I have been working on a idea for a system where I can have many workers that are triggered on a regular basis by a a central timer class. The part I'm concerned about here is a TriggeredWorker
which, in a loop, uses the mutex
& conditionVariable
approach to wait to be told to do work. It has a method trigger
that is called (by a different thread) that triggers work to be done. It is an abstract class that has to be subclassed for the actual work
method to be implemented.
I have a test that shows that this mechanism works. However, as I increase the load by reducing the trigger interval, the test starts to fail. When I delay 20 microseconds between triggers, the test is 100% reliable.
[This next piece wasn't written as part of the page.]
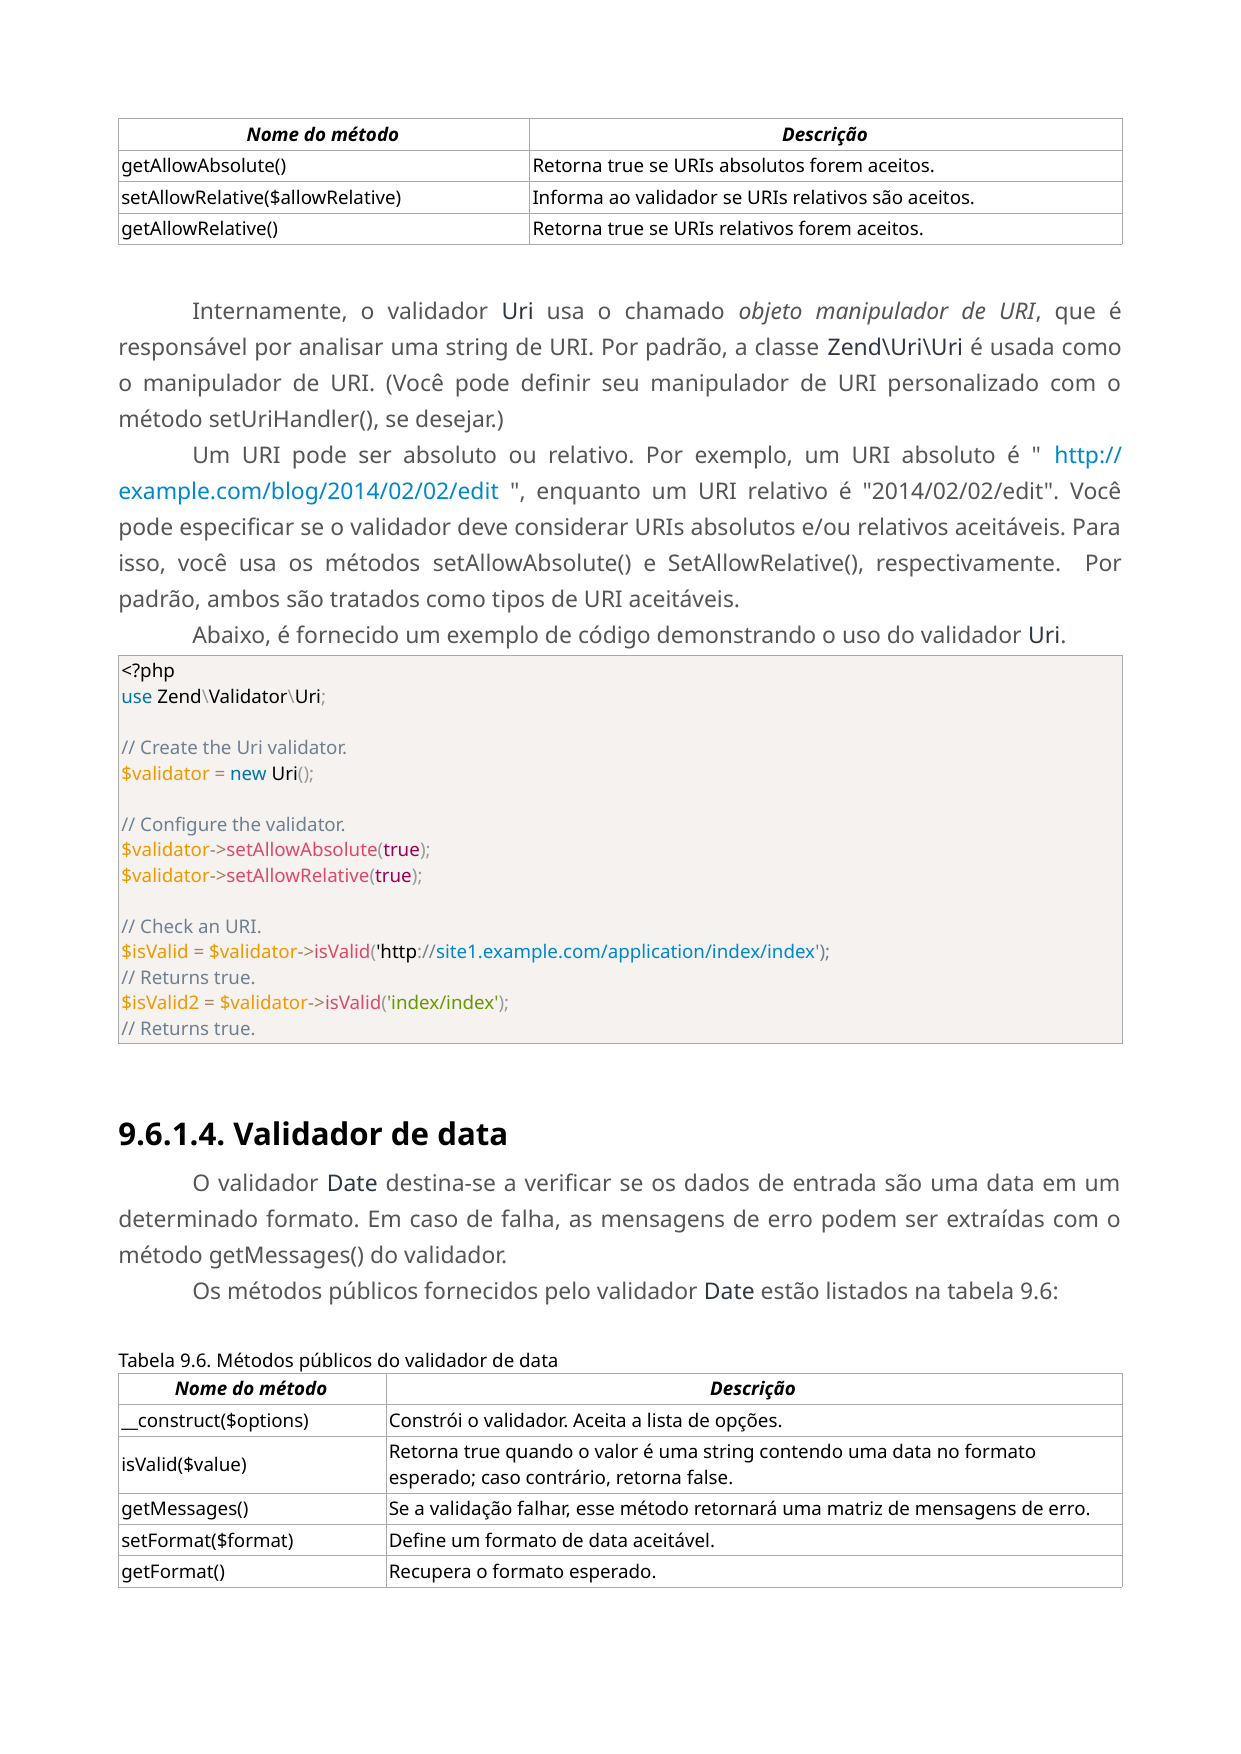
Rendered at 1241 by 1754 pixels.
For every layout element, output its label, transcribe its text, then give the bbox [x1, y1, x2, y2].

As I reduce down to 1 microsecond, I start to get failures in that the count of work performed reduces from 1000 (expected) to values like 986, 933, 999 etc..
My questions are: (1) what is it that is going wrong and how can I capture what is going wrong so I can report it or do something about it? And, (2) is there some better approach that I could use that would be better? I have to admit that my experience with c++ is limited to the last 3 months, although I have worked with other languages for several years.
Many thanks for reading...
Here are the key bits of code:
Triggered worker header file:
#ifndef TIMER_TRIGGERED_WORKER_H
#define TIMER_TRIGGERED_WORKER_H
#include <thread>
#include <plog/Log.h>
class TriggeredWorker {
private:
std::mutex mutex_;
std::condition_variable condVar_;
std::atomic<bool> running_{false};
std::atomic<bool> ready_{false};
void workLoop();
protected:
virtual void work() {};
public:
void start();
void stop();
void trigger();
};
#endif //TIMER_TRIGGERED_WORKER_H
Triggered worker implementation:
#include "TriggeredWorker.h"
void TriggeredWorker::workLoop() {
PLOGD << "workLoop started...";
while(true) {
std::unique_lock<std::mutex> lock(mutex_);
condVar_.wait(lock, [this]{
bool ready = this->ready_;
bool running = this->running_;
return ready | !running; });
this->ready_ = false;
if (!this->running_) {
break;
}
PLOGD << "Calling work()...";
work();
lock.unlock();
condVar_.notify_one();
}
PLOGD << "Worker thread completed.";
}
void TriggeredWorker::start() {
PLOGD << "Worker start...";
this->running_ = true;
auto thread = std::thread(&TriggeredWorker::workLoop, this);
thread.detach();
}
void TriggeredWorker::stop() {
PLOGD << "Worker stop.";
this->running_ = false;
}
void TriggeredWorker::trigger() {
PLOGD << "Trigger.";
std::unique_lock<std::mutex> lock(mutex_);
ready_ = true;
lock.unlock();
condVar_.notify_one();
}
and the test:
#include "catch.hpp"
#include "TriggeredWorker.h"
#include <thread>
TEST_CASE("Simple worker performs work when triggered") {
static std::atomic<int> twt_count{0};
class SimpleTriggeredWorker : public TriggeredWorker {
protected:
void work() override {
PLOGD << "Incrementing counter.";
twt_count.fetch_add(1);
}
};
SimpleTriggeredWorker worker;
worker.start();
for (int i = 0; i < 1000; i++) {
worker.trigger();
std::this_thread::sleep_for(std::chrono::microseconds(20));
}
std::this_thread::sleep_for(std::chrono::seconds(1));
CHECK(twt_count == 1000);
std::this_thread::sleep_for(std::chrono::seconds(1));
worker.stop();
}
What happens when worker.trigger()
is called twice before workLoop
acquires the lock? You loose one of those "triggers". Smaller time gap means higher probability of test failure, because of higher probability of multiple consecutive worker.trigger()
calls before workLoop
wakes up. Note that there's nothing that guarantees that workLoop
will acquire the lock after worker.trigger()
but before another worker.trigger()
happens, even when those calls happen one after another (i.e. not in parallel). This is governed by the OS scheduler and we have no control over it.
Anyway the core problem is that setting ready_ = true
twice looses information. Unlike incrementing an integer twice. And so the simplest solution is to replace bool
with int
and do inc/dec with == 0
checks. This solution is also known as semaphore. More advanced (potentially better, especially when you need to pass some data to the worker) approach is to use a (bounded?) thread safe queue. That depends on what exactly you are trying to achieve.
BTW 1: all your reads and updates, except for stop()
function (and start()
but this isn't really relevant), happen under the lock. I suggest you fix stop()
to be under lock as well (since it is rarely called anyway) and turn atomics into non-atomics. There's an unnecessary overhead of atomics at the moment.
BTW 2: I suggest not using thread.detach()
. You should store the std::thread
object on TriggeredWorker
and add destructor that does stop
with join
. These are not independent beings and so without detach()
you make your code safer (one should never die without the other).